Efficacy of TACE plus tyrosine kinase inhibitors and immune checkpoint inhibitors in the treatment of patients with unresectable hepatocellular carcinoma: A systematic review and Meta-analysis

Kailin Ye^1,2Jiale Zhou^1,2Jie Lin^2,3Yongzhi Li³Yansong Luo^1,2Fei Xie^2*

• ¹Chengdu Medical College, Chengdu, China
• ²The First People's Hospital of Neijiang, Neijiang, China
• ³The Second Hospital of Jilin University, Changchun, China

Background: Currently, transarterial chemoembolization (TACE) has been widely used in the treatment of patients with unresectable hepatocellular carcinoma. However, there remains controversy over whether to combine TACE with tyrosine kinase inhibitors (TKIs) and immune checkpoint inhibitors (ICIs) during treatment. This study aims to evaluate the efficacy and safety of TACE combined with TKIs and ICIs in patients with unresectable hepatocellular carcinoma, and to compare this approach with other treatment regimens. Method: We conducted a systematic search of relevant studies from multiple online databases, with the search deadline being March 2025. We use fixed or random effects models based on heterogeneity assessment results and employ sequential analysis of trials (TSA) to determine whether the research findings have sufficient conclusive power. Result: This study included 24 cohort studies involving 3906 patients. Compared with TACE plus TKIs therapy and TACE monotherapy, the combination therapy of TACE plus TKIs plus ICIs significantly improved the objective response rate (ORR) (RR = 1.49 [95% CI 1.35–1.63], P < 0.001 and RR = 1.75 [95% CI 1.48–2.06], P < 0.001), disease control rate (DCR) (RR = 1.27 [95% CI 1.20–1.34], P < 0.001 and RR = 1.39 [95% CI 1.23 – 1.58], P < 0.001), and median progression-free survival (mPFS) (MD = 6.05 months [95% CI 4.77–7.33], P < 0.001 and MD = 7.84 months [95% CI 5.44–10.24], P < 0.001), and median overall survival (mOS) (MD = 2.93 months [95% CI 2.57–3.29], P < 0.001 and MD =4.63 months [95% CI 2.32–6.95], P < 0.001). The sequential analysis (TSA) validated that the current sample size was adequate to reach these conclusions.
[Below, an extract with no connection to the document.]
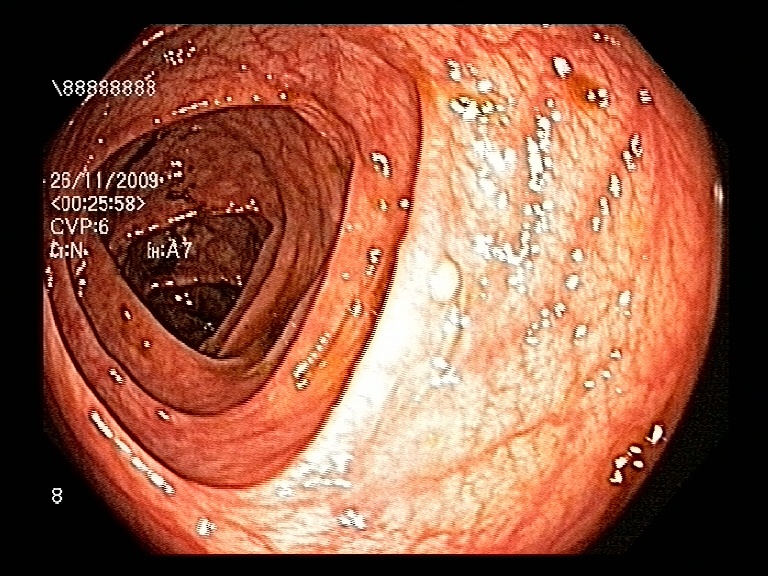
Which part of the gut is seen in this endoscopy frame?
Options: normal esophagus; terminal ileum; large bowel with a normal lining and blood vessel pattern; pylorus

large bowel with a normal lining and blood vessel pattern

Univariate and multivariate prognostic analyses indicated that the combination therapy of TACE, TKIs, and ICIs, akin to clinical factors in hepatocellular carcinoma, can function as a prognostic assessment indicator for patients with unresectable hepatocellular carcinoma. Conclusion: This study demonstrates that, in comparison to TACE combined with TKIs and TACE monotherapy, TACE + TKIs + ICIs combination therapy can substantially enhance the prognosis of patients with unresectable hepatocellular carcinoma while maintaining manageable safety profiles.